Kim Sung-yeon

Personal information
- Date of birth: January 30, 1989 (age 37)
- Place of birth: South Korea
- Height: 1.78 m (5 ft 10 in)
- Position: Attacking midfielder

Youth career
- 2003–2006: Oscar Soccer Academy
- 2007: Brasilis FC
- 2008: Figueirense FC

Senior career*
- Years: Team / Apps / (Gls)
- 2009: Gremio Esportivo Juventus / 17 / (3)
- 2010: Caxias Futebol Clube / 10 / (2)
- 2012: Mokpo City / 7 / (1)
- 2013: Persepam Madura United / 2 / (0)
- 2013: BBCU F.C.

= Kim Sung-yeon =

South Korean footballer

Kim Sung-yeon (born 30 January 1989 in South Korea) is a Korean attacking midfielder.

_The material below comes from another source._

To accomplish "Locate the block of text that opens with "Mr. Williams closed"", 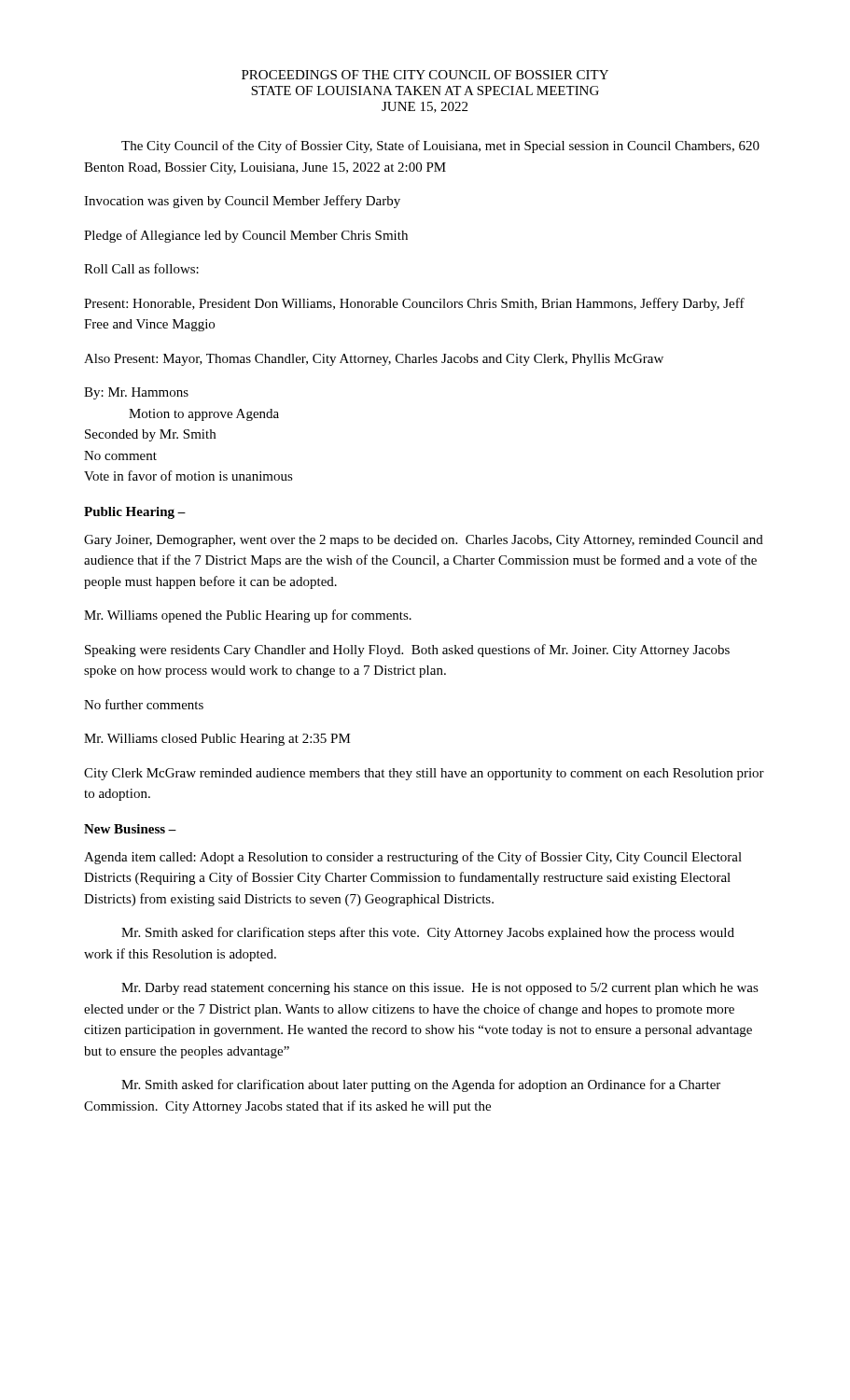I will coord(217,738).
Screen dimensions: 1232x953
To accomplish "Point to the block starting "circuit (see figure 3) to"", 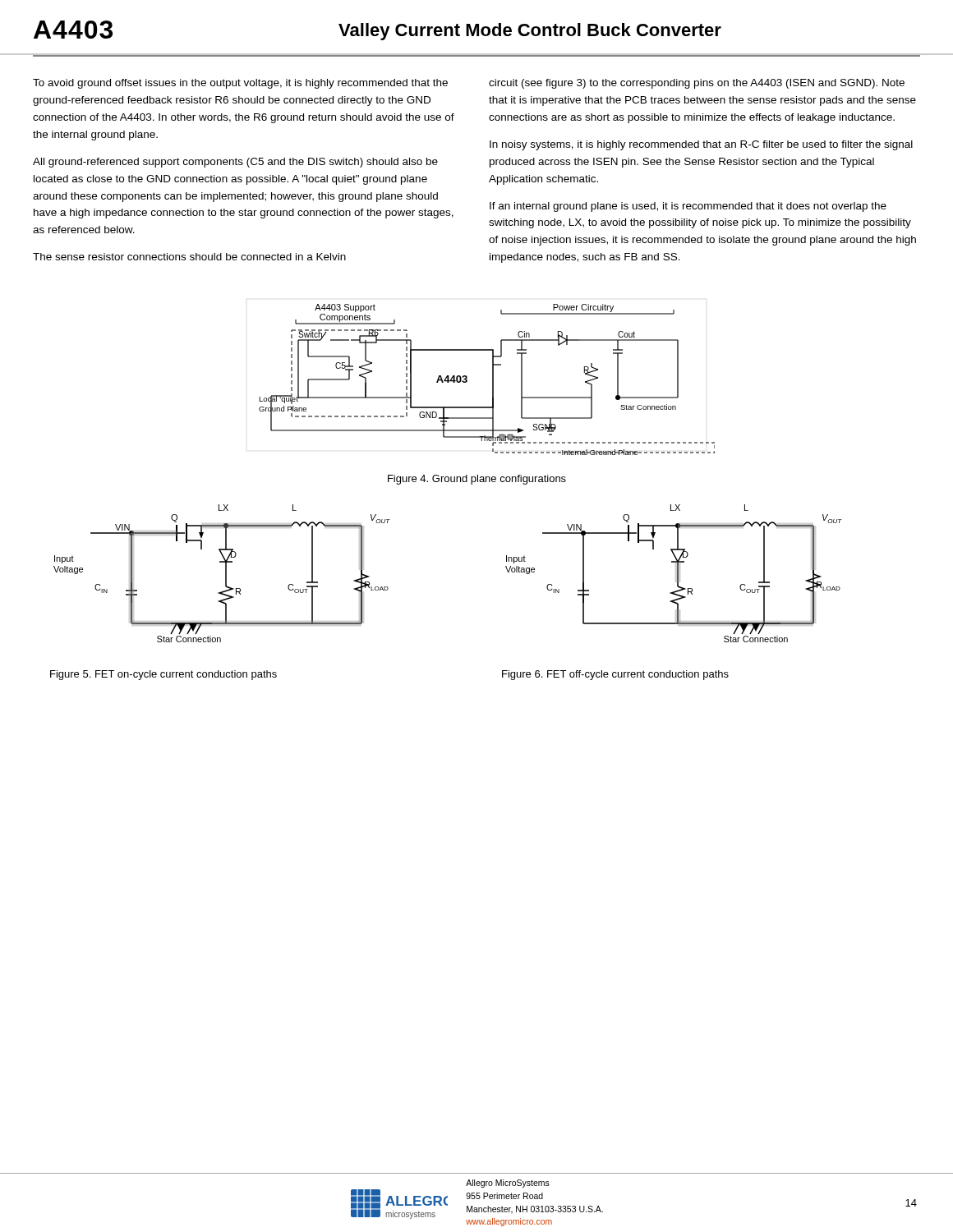I will click(704, 171).

He currently plays for BBCU F.C. in the Thai Premier League.

== Football activities ==
Born in Republic of Korea to study in Brazil was Oscar Soccer Academy.
Brazilian first division team in 2008 Figueirense FC and signed a full Youth contract.
Brazil in 2009, and a formal agreement was Gremio Esportivo Juventus in professional contract 2010,
was transferred to Caxias Futebol Clube. Mokpo City2012 South Korea joined the league for the first time entered the league in 2013 Persepam Madura United Indonesia has joined this BBCU F.C. 2013 Thailand joined the League succeeded in being active.